For an example, by playing a saxophone recording solely on the left hand speaker, it would sound as though the saxophonist is playing to the left of centre stage.
A drummer could be played solely through the right speaker, as if audibly appearing to the right. The singer's voice can be played at equal levels through both speakers to appear as though his voice is coming from the centre of the stage.
By tweaking these parameters, the engineers are able to create a full sound stage, and also create audible effects, such as albums like Dark Side of the Moon by Pink Floyd.

 

 

Multi Channel and 5.1

For more information on multichannel audio, please read this glossary entry.

 

Jumping to surround sound amplifiers, these essentially accomplish an extended version of what a stereo amp does. By using a 'centre' channel as well as a left and right, it can more accurately depict and centre focused sound stage.
Adding a surround left and right, situated generally slightly behind the listener, the sound stage can be extended to behind the music / movie listener.
This is where you start to get the different formats.
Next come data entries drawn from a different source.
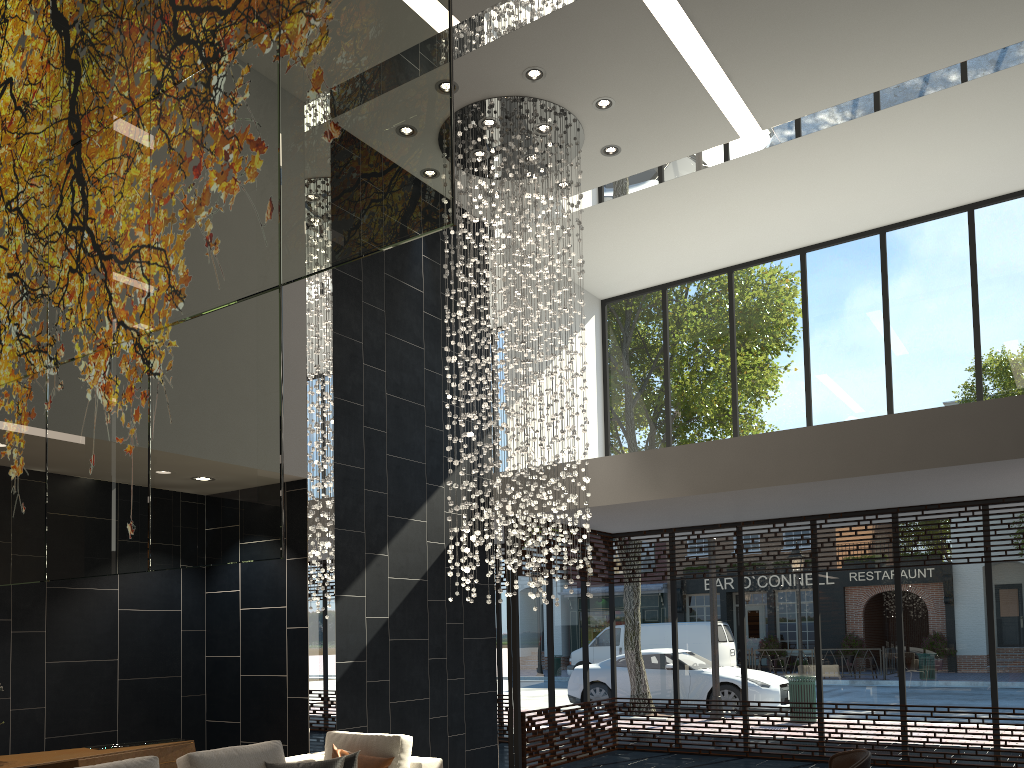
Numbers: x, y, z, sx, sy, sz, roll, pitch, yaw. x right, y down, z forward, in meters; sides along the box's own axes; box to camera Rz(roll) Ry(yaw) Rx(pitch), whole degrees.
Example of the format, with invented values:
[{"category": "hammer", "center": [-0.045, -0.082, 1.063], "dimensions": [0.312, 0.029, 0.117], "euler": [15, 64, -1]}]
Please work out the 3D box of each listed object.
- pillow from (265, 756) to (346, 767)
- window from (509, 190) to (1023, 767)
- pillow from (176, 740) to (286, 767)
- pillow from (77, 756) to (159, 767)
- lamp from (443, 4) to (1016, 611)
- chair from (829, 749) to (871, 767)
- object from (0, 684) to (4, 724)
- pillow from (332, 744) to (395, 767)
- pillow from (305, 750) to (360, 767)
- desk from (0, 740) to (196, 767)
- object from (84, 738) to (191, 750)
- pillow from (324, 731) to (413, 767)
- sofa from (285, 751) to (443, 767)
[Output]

A single channel is called Mono, or 1.0 audio. Two channel, aka 2.0. 5 channel (5.0) and so on.


What's the point(.1)?

 

Commonly, you will see a .1 or .2 added on. These are what's known as sub channels for subwoofers producing low frequency sound.
More commonly for home theatre and five or more channels, however quite commonly now, as the appeal of smaller speakers grow, a lot of people are using subwoofers for stereo listening, say as a 2.1 or 2.2 configuration.